H&M, Twitter, Blogging, Boyfriend.
First, let me give some background. As I sit here and watch an old re-run of House with Sara Beara, I have an odd fascination with strolling through twitter and trying to decide how I should go about blogging on this thing. I watched Julie & Julia and she actually had a reason to blog, thus ended up having an interesting following. I don't want a book deal or a movie but I do want to have someone read my posts and get something from it. If there's nothing to get from it, then that's my fault and I'm sorry for that. Sometimes I feel like I have no hobbies and no actual interests besides my recently purchased, all-seven seasons of The Golden Girls. However, I am very opinionated and have had my share of experiences in life up until now, at 20 (I'll keep you posted on more experiences).
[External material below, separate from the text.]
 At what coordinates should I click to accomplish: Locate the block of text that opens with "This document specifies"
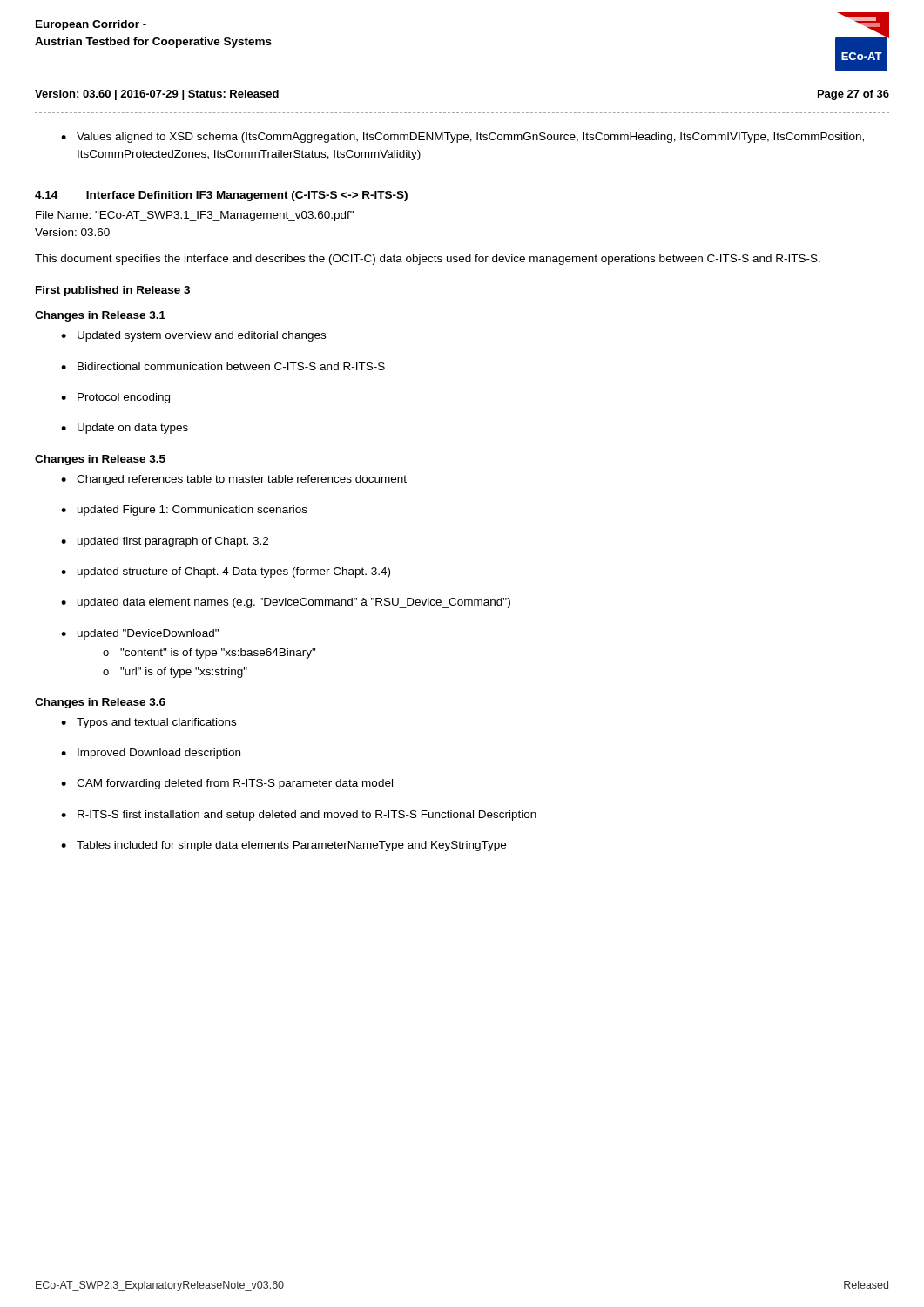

So, let me explain my new obsessions. I am a little late on reporting this, but I am obsessed with H & M. First discovered in Hampton, Virginia while on vacation, I fell in love at first glace. Then I feel even deeper in love when I saw the prices of the clothes. Hi-yo! My sister was right when she said it was everyone's style. They have a little bit of everything there. So needless to say, my closet is already littered with their clothes. I have also introduced Sara to this as well. Whoops. Glad the nearest one is 2.5 hours away!
Next obsession: Twitter. Celebrity updates are sickeningly good! Some celeb's I stay away from but the normal Twitter-lovers are usually fun to hear from. Tom Hanks, Kim Kardashian, Blake Shelton and others have been lighting up my feed! Addicted? Yes. Maybe more than just addicted? I'll keep you posted.
Blogging. I kind of explained this before. I just want my post's to mean something! Not many friends my age like to blog. So I'll have to branch outside my comfort zone, reach out to others. I'll try to keep myself from long posts and rambles. Maybe that will help...
Boyfriend. New boyfriend? No. Same old, same old. I just want to write the words down here that I want to say but can't. I have been with Dan since October 2009. He has given me some of the best memories of my life along with giving me the love and attention I deserve. We're not always perfect, that's for sure. I wouldn't want to be perfect. Him and I have recently decided to put the spice back in our life. To work on things and make sure the spark stays alive. I love him more than life and I hope he knows that. Ok, so I'm not OBSESSED with my boyfriend. But I want everyone to know how crazy I am about him. He makes me a better person, a better girlfriend, a better woman. I don't know who I would be without him in my life. This sounds like a cliche romance novel for sure, but its honesty at its finest.
Sometimes we don't have to speak the words we are feeling, but it is nice to write them down.